(Available data Opens)
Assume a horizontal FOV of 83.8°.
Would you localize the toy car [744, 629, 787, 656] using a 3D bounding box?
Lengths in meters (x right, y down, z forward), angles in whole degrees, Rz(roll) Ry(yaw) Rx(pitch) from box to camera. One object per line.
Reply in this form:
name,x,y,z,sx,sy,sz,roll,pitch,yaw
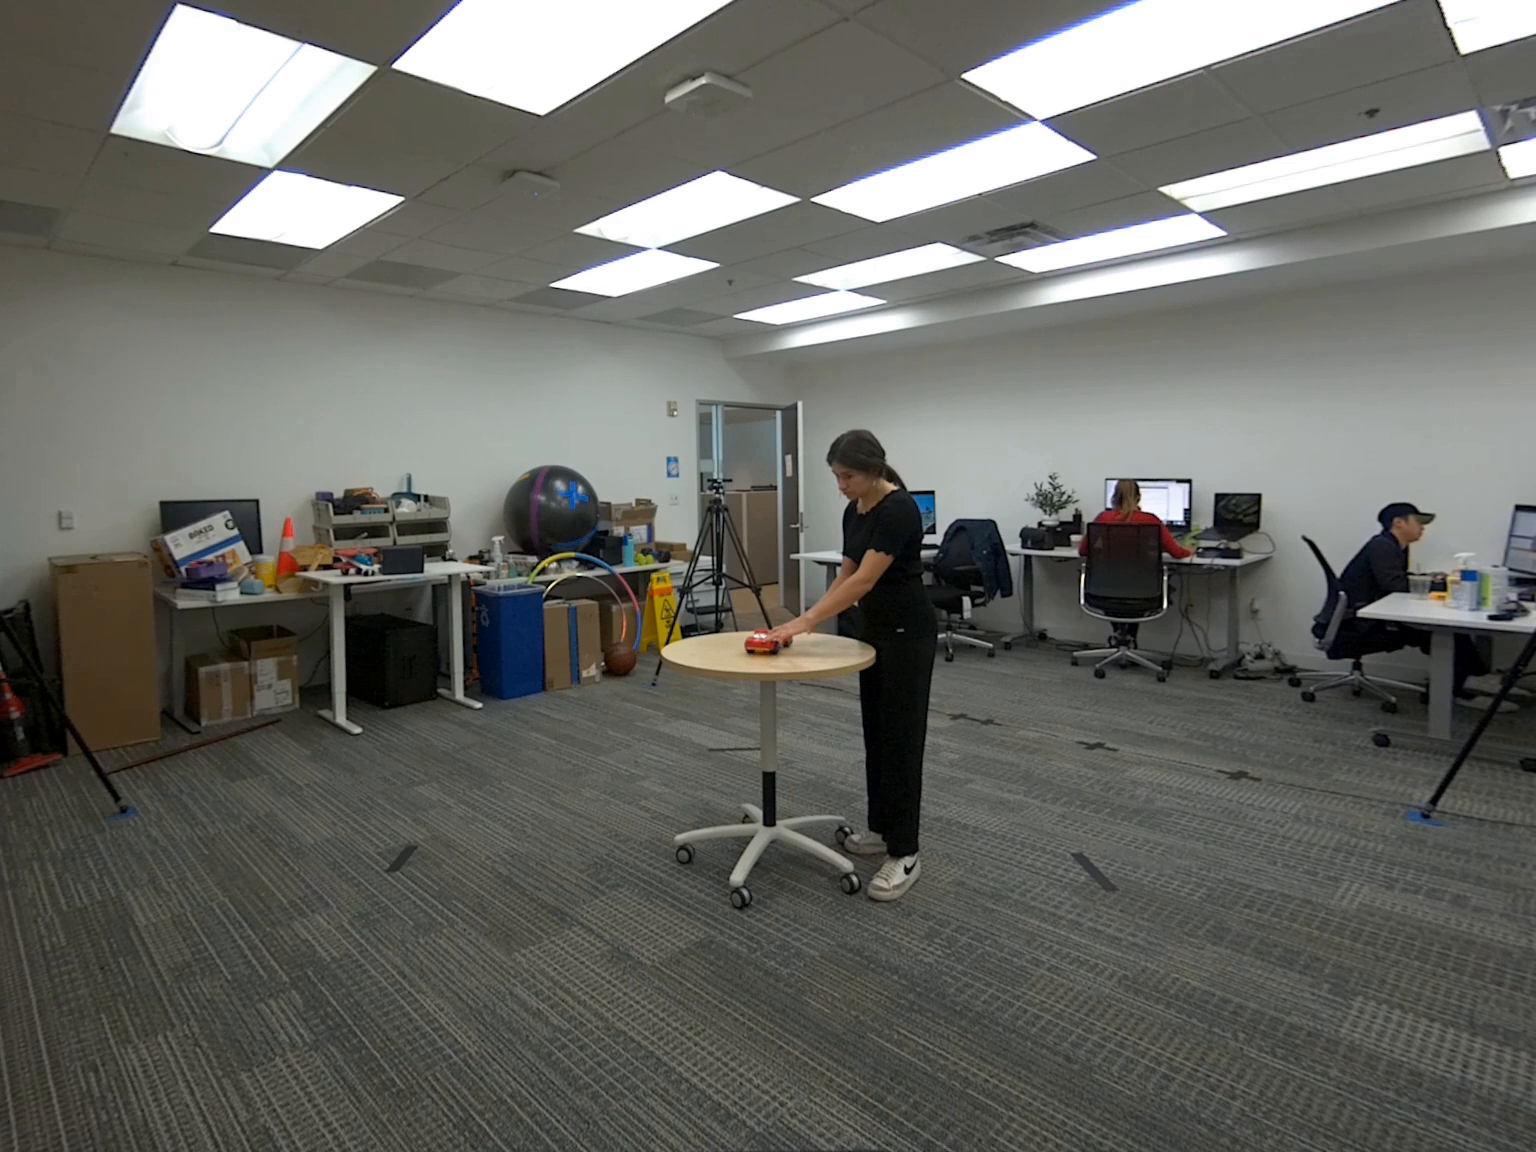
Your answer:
toy car,-0.003,0.235,3.047,0.133,0.083,0.248,1,-5,20
(Available data Closes)
*Instructions to follow*:
Print the full listing again exactly, and drop every image from it.

*Response to this task*:
Assume a horizontal FOV of 83.8°.
Would you localize the toy car [744, 629, 787, 656] using a 3D bounding box?
Lengths in meters (x right, y down, z forward), angles in whole degrees, Rz(roll) Ry(yaw) Rx(pitch) from box to camera. One object per line.
Reply in this form:
name,x,y,z,sx,sy,sz,roll,pitch,yaw
Your answer:
toy car,-0.003,0.235,3.047,0.133,0.083,0.248,1,-5,20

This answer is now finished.